Is the quotient group $\mathbb{Z}_4 \times \mathbb{Z}_6 /\langle(2,2)\rangle$ cyclic?
How do I find if quotient group is cyclic?
I see that $\langle (2,2)\rangle= \{(0,0), (2,2), (0,4), (2,0), (0,2), (2,4)\}$ and the order of quotient group is $4$.
What's the next step I need to take?
No.
A presentation for $\Bbb Z_4\times \Bbb Z_6$ is
$$\langle a,b\mid a^4, b^6, ab=ba\rangle.\tag{1}$$
Here $a\mapsto ([1]_4,[0]_6)$ and $b\mapsto ([0]_4,[1]_6)$, so $([2]_4, [2]_6)$ corresponds to $a^2b^2$. The quotient by $\langle ([2]_4, [2]_6)\rangle$ amounts, then, to killing $a^2b^2$ in $(1)$, like so:
$$\begin{align} \Bbb Z_4\times \Bbb Z_6/\langle ([2]_4, [2]_6)\rangle &\cong\langle a,b\mid a^2b^2, a^4, b^6, ab=ba\rangle\\ &\cong\langle a,b\mid a^2=b^{-2}, a^4, b^6, ab=ba\rangle\\ &\cong\langle a,b\mid a^2=b^{-2}, b^4, b^6, ab=ba\rangle\\ &\cong\langle a,b\mid a^2=b^2, b^2, ab=ba\rangle\\ &\cong\langle a,b\mid a^2, b^2, ab=ba\rangle\\ &\cong\Bbb Z_2\times\Bbb Z_2, \end{align}$$
which is not cyclic.
It may be worth saying that one can solve all problems of this sort algorithmically: no thought is required.

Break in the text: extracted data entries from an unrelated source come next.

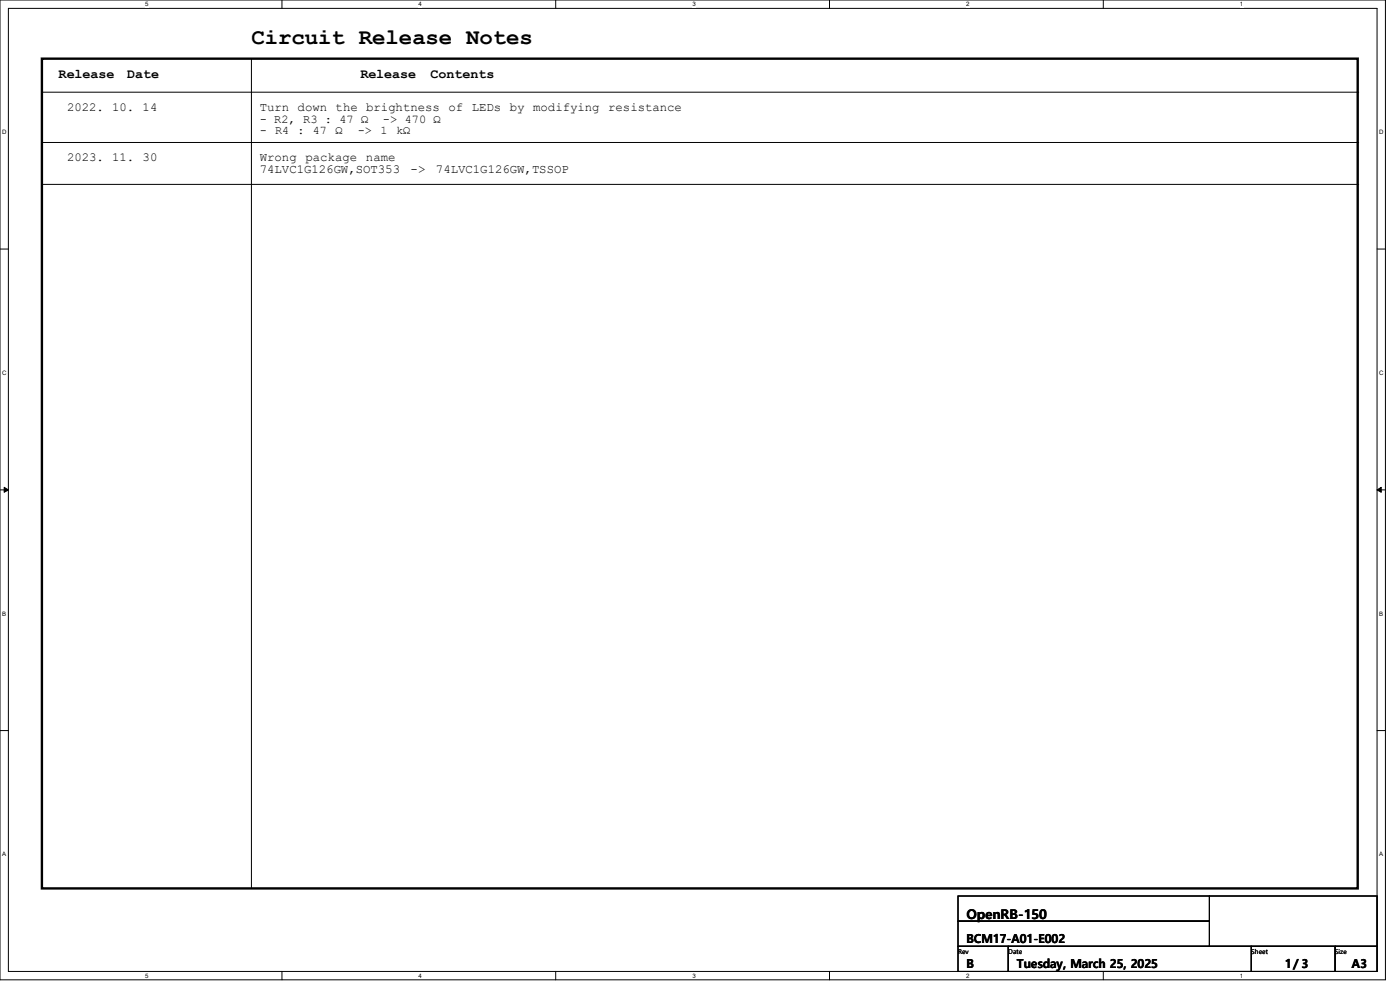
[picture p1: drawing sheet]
<svg xmlns="http://www.w3.org/2000/svg" width="297mm" height="210mm" viewBox="0 0 297 210" stroke-linecap="round" stroke-linejoin="round" font-family="sans-serif">
<defs><g id="words">
<text font-size="4.7" x="53.3" y="9.3">Circuit Release Notes</text>
<g font-size="2.8">
<text x="12.4" y="16.6">Release</text>
<text x="27" y="16.6">Date</text>
<text x="76.5" y="16.6">Release</text>
<text x="91.3" y="16.6">Contents</text>
<text x="205" y="194.9">OpenRB-150</text>
</g>
<g font-size="2.6">
<text x="14.2" y="23.5">2022. 10. 14</text>
<text x="55.1" y="23.5">Turn down the brightness of LEDs by modifying resistance</text>
<text x="14.2" y="34.1">2023. 11. 30</text>
<text x="55.1" y="34.1">Wrong package</text>
<text x="77.6" y="34.1">name</text>
<text x="55.1" y="36.7">74LVC1G126GW,SOT353</text>
<text x="87.1" y="36.7">-&gt;</text>
<text x="92.5" y="36.7">74LVC1G126GW,TSSOP</text>
<text x="205" y="200.1">BCM17-A01-E002</text>
<text x="205" y="205.4">B</text>
<text x="215.7" y="205.4">Tuesday, March 25, 2025</text>
<text x="272.6" y="205.4">1/ 3</text>
<text x="286.8" y="205.4">A3</text>
</g>
<g font-size="2.5">
<text x="55.1" y="26">- R2, R3 : 47 Ω</text>
<text x="55.1" y="28.5">-</text>
<text x="58.4" y="28.5">R4 :</text>
<text x="66.4" y="28.5">47</text>
<text x="71.2" y="28.5">Ω</text>
<text x="75.9" y="28.5">-&gt;</text>
<text x="80.7" y="28.5">1</text>
<text x="81.2" y="26">-&gt; 470 Ω</text>
<text x="84" y="28.5">kΩ</text>
</g>
<g font-size="1.4">
<text x="203.2" y="202.3">Rev</text>
<text x="213.9" y="202.3">Date</text>
<text x="265.5" y="202.3">Sheet</text>
<text x="283.3" y="202.3">Size</text>
</g>
<g font-size="1.3">
<text x="30.8" y="1.3">5</text>
<text x="88.8" y="1.3">4</text>
<text x="146.9" y="1.3">3</text>
<text x="205" y="1.3">2</text>
<text x="263.1" y="1.3">1</text>
<text x=".5" y="28.4">D</text>
<text x="292.6" y="28.4">D</text>
<text x=".5" y="79.5">C</text>
<text x="292.6" y="79.5">C</text>
<text x=".5" y="130.6">B</text>
<text x="292.6" y="130.6">B</text>
<text x=".5" y="181.7">A</text>
<text x="292.6" y="181.7">A</text>
<text x="30.8" y="207.4">5</text>
<text x="88.8" y="207.4">4</text>
<text x="146.9" y="207.4">3</text>
<text x="205" y="207.4">2</text>
<text x="263.1" y="207.4">1</text>
</g>
</g></defs>
<path d="M0 0h293.9v207.9h-293.9zM1.8 1.8h290.3v204.3h-290.3z" fill="none" stroke="#000" stroke-width=".21"/>
<g fill="#fff">
<path d="M30.8 .2h.7v1.4h-.7z"/>
<path d="M30.8 206.2h.7v1.4h-.7z"/>
</g>
<path d="M59.8 0v1.8M59.8 206.1v1.8" fill="none" stroke="#000" stroke-width=".21"/>
<g fill="#fff">
<path d="M88.8 .2h.7v1.4h-.7z"/>
<path d="M88.8 206.2h.7v1.4h-.7z"/>
</g>
<path d="M117.9 0v1.8M117.9 206.1v1.8" fill="none" stroke="#000" stroke-width=".21"/>
<g fill="#fff">
<path d="M146.9 .2h.7v1.4h-.7z"/>
<path d="M146.9 206.2h.7v1.4h-.7z"/>
</g>
<path d="M176 0v1.8M176 206.1v1.8" fill="none" stroke="#000" stroke-width=".21"/>
<g fill="#fff">
<path d="M205 .2h.7v1.4h-.7z"/>
<path d="M205 206.2h.7v1.4h-.7z"/>
</g>
<path d="M234.1 0v1.8M234.1 206.1v1.8" fill="none" stroke="#000" stroke-width=".21"/>
<g fill="#fff">
<path d="M263.1 .2h.6v1.4h-.6z"/>
<path d="M263.1 206.2h.6v1.4h-.6z"/>
<path d="M.5 27.3h.9v1.4h-.9z"/>
<path d="M292.6 27.3h.9v1.4h-.9z"/>
<path d="M.5 78.4h.9v1.4h-.9z"/>
<path d="M292.6 78.4h.9v1.4h-.9z"/>
</g>
<path d="M0 52.8h1.8M292.1 52.8h1.8" fill="none" stroke="#000" stroke-width=".21"/>
<g fill="#fff">
<path d="M.5 129.5h.8v1.4h-.8z"/>
<path d="M292.6 129.5h.8v1.4h-.8z"/>
</g>
<path d="M0 103.9h1.8M292.1 103.9h1.8" fill="none" stroke="#000" stroke-width=".21"/>
<path d="M.9 103.4l.9 .5-.9 .5zM292.1 103.9l.9-.5v1z" fill="#000" stroke="#000" stroke-width=".21"/>
<g fill="#fff">
<path d="M.5 180.5h.8v1.4h-.8z"/>
<path d="M292.6 180.5h.8v1.4h-.8z"/>
</g>
<g fill="none" stroke="#000" stroke-width=".21">
<path d="M8.9 19.6h279.1M53.3 12.4v176.1M288 19.6h.1M8.9 30.2h279.1M8.9 39.1h279.1M288 30.2h.1M288 39.1h.1M0 155h1.8M292.1 155h1.8M53.3 188.5h.1M203.2 190.1h53.4v5.3h-53.4zM203.2 195.4h53.4v5.3h-53.4z"/>
<path d="M256.6 190.1h35.5v10.6h-35.5zM203.2 200.7h10.7v5.4h-10.7zM213.9 200.7h51.6v5.4h-51.6zM265.5 200.7h17.8v5.4h-17.8zM283.3 200.7h8.8v5.4h-8.8z"/>
</g>
<path d="M8.9 12.4h279.1v176.1h-279.1z" fill="none" stroke="#000" stroke-width=".51"/>
<use href="#words"/>
</svg>

Think of the group additively.
Write down the matrix of relations: in this case $$ \begin{bmatrix} 4 & 0\\ 0 & 6\\ 2 & 2\\ \end{bmatrix}. $$
Using Gaussian reduction (with no divisions) reduce this to Smith Normal Form: in this case
$$ \begin{bmatrix} 4 & 0\\ 0 & 6\\ 2 & 2\\ \end{bmatrix} \sim \begin{bmatrix} 2 & 2\\ 4 & 0\\ 0 & 6\\ \end{bmatrix} \sim \begin{bmatrix} 2 & 2\\ 0 & -4\\ 0 & 6\\ \end{bmatrix} \sim \begin{bmatrix} 2 & 2\\ 0 & -4\\ 0 & 2\\ \end{bmatrix} \sim \begin{bmatrix} 2 & 2\\ 0 & 2\\ 0 & -4\\ \end{bmatrix} \sim \begin{bmatrix} 2 & 2\\ 0 & 2\\ 0 & 0\\ \end{bmatrix} \sim \begin{bmatrix} 2 & 0\\ 0 & 2\\ 0 & 0\\ \end{bmatrix} $$
Hence the group is $$ \mathbb{Z}/2\mathbb{Z}\oplus\mathbb{Z}/2\mathbb{Z}\simeq\mathbb{Z}_2\oplus\mathbb{Z}_2 $$ which is not cyclic.